Integer side, prime area?

Let the sides are $a, b, c$ , area is $P$ . There exist a theorem which shows the relationship between the sides of triangle and its area, which is $\sqrt{(s)(s-a)(s-b)(s-c)}=P \space \space(s=\frac{a+b+c}{2})$ $\frac{1}{4}\sqrt{(a+b+c)(a+b-c)(a-b+c)(-a+b+c)}=P$ $(a+b+c)(a+b-c)(a-b+c)(-a+b+c)=16P^2$ Let $\begin{aligned} a+b+c&=w\\ a+b-c&=x\\ a-b+c&=y\\ -a+b+c&=z \end{aligned}$ We can get $w=x+y+z$ , $a=\frac{w-z}{2}$ , $b=\frac{w-y}{2}$ , $c=\frac{w-x}{2}$ . Hence, $w,x,y,z$ must share same parity, because $a,b,c$ are integers. But $wxyz=16P^2$ , which means one of $w,x,y,z$ is even, so $w,x,y,z$ must be even numbers.

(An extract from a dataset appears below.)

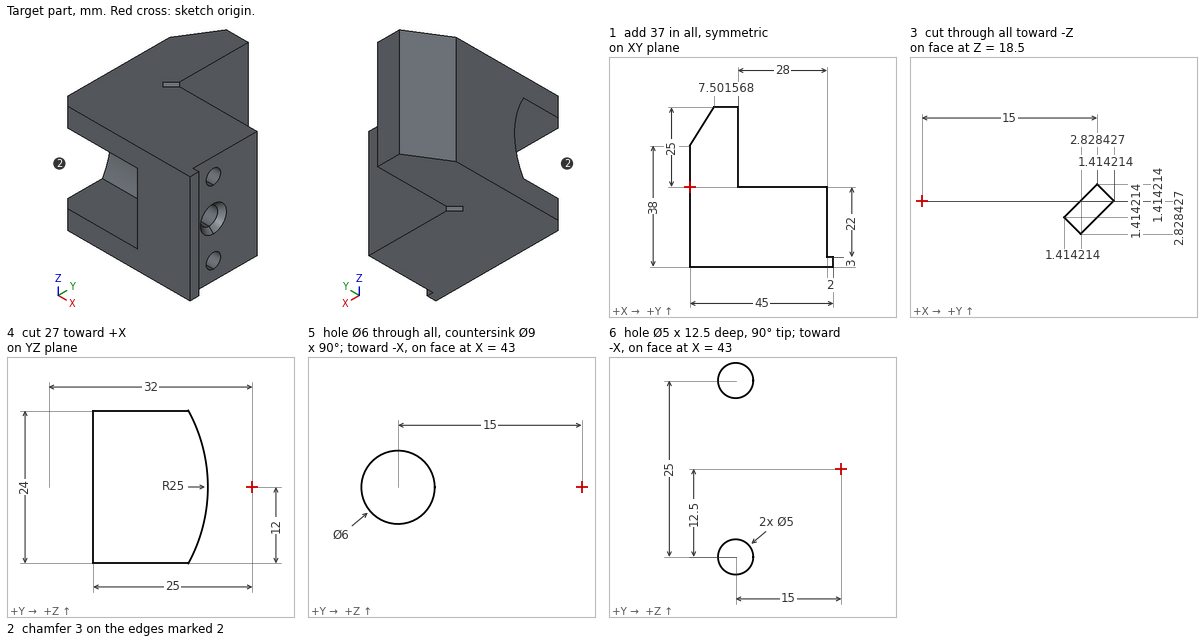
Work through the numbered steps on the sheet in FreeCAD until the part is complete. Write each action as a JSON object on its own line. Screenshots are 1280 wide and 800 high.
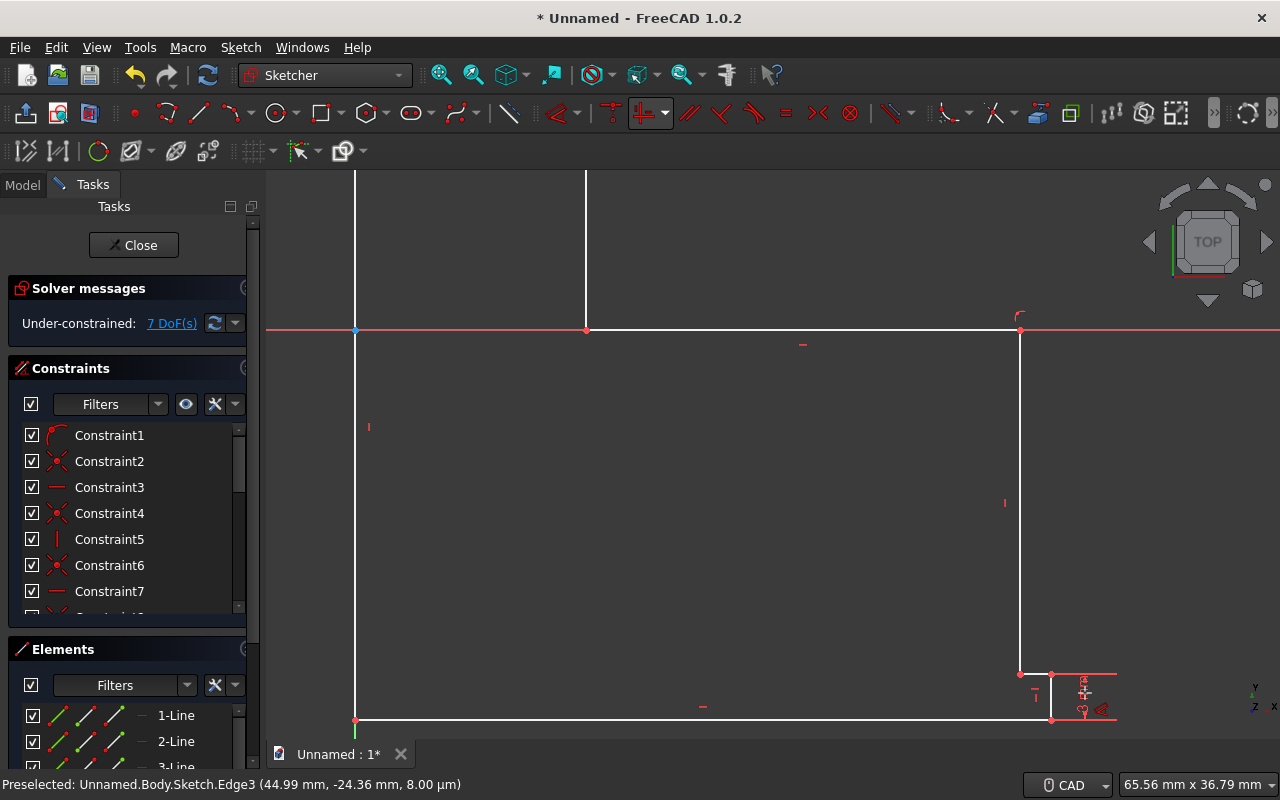
{"action": "scroll", "coordinate": [1042, 674], "scroll_direction": "up", "scroll_amount": 2}
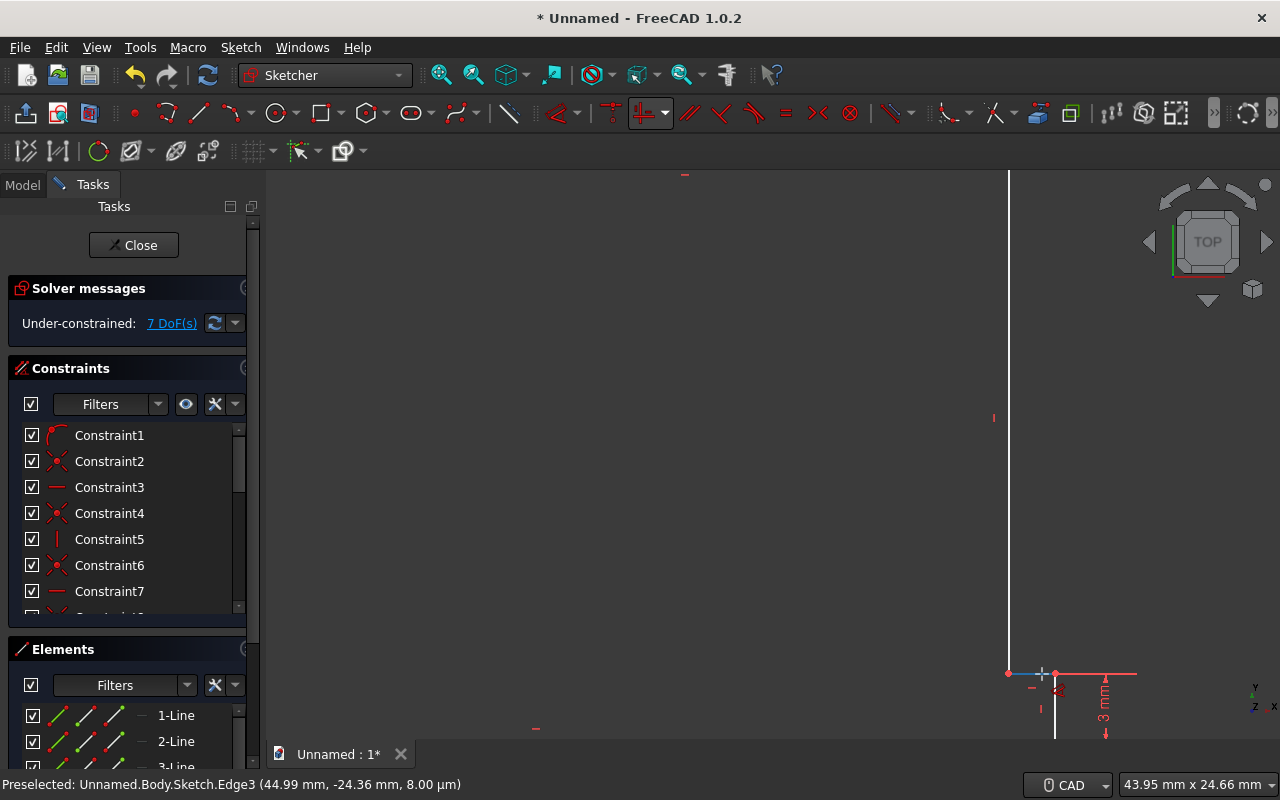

Let $w=2w^{'}$ , $x=2x^{'}$ ,. $y=2y^{'}$ , $z=2z^{'}$ . By ( $wxyz=16P^2$ ), and ( $w=x+y+z$ ), we can get ( $P^2=w^{'}x ^{'}y ^{'}z^{'}$ ) and ( $w^{'}=x ^{'}+y ^{'}+z^{'}$ )(obviously $w$ is the most biggest). Which means that we need to factorize $P^2$ into four integers, such that sum of the three factors equal to the biggest factor. Let $P$ is a prime number, $P^2$ can be express as ( $1\times 1\times P\times P$ ) or ( $1 \times 1 \times 1 \times P^2$ ) only. Obviously, $1+1+P>P$ , and $1+1+1=3\neq P^2$ as $3$ is not a perfect square.

Hence, there $\large does\space not$ exist triangle with integer side with prime area.